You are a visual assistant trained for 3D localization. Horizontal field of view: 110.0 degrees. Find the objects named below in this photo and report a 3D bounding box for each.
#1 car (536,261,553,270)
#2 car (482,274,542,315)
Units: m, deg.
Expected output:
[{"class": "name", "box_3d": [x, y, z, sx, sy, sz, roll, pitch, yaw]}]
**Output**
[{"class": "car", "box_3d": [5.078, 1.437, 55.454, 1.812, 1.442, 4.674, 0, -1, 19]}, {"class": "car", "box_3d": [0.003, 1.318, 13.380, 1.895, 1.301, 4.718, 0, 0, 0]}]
==
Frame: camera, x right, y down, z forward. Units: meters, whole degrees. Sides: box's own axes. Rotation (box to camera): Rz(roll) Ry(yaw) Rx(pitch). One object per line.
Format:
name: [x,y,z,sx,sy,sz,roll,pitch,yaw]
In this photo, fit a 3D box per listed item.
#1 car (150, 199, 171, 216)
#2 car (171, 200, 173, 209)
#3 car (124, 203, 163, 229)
* * *
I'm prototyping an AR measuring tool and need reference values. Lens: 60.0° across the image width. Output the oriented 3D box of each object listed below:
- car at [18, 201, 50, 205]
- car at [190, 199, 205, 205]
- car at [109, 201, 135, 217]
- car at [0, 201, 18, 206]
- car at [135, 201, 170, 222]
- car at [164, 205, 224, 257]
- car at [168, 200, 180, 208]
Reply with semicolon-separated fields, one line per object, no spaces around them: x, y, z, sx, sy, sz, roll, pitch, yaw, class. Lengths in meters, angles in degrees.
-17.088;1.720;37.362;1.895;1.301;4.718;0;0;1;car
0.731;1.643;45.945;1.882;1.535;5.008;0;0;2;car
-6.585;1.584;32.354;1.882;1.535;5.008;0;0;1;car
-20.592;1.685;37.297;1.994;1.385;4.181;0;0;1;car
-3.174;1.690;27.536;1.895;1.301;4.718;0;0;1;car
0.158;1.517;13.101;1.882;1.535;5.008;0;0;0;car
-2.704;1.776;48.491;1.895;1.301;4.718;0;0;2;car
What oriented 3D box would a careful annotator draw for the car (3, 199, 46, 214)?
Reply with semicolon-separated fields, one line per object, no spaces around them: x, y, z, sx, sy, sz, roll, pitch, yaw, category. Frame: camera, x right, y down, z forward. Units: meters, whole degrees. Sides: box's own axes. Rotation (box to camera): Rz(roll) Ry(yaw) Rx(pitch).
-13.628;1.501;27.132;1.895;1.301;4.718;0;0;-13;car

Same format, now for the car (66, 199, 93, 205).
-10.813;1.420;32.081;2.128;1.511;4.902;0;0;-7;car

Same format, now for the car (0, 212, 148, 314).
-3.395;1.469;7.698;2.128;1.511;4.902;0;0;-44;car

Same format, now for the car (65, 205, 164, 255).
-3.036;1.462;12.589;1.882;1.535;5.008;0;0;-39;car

- To do:
What are the lines, exactly as written above, from the line with "In this photo, fit a 3D box per listed item." to the line with "#3 car (124, 203, 163, 229)", both included? Output only those.

- Reply to the exercise:
In this photo, fit a 3D box per listed item.
#1 car (150, 199, 171, 216)
#2 car (171, 200, 173, 209)
#3 car (124, 203, 163, 229)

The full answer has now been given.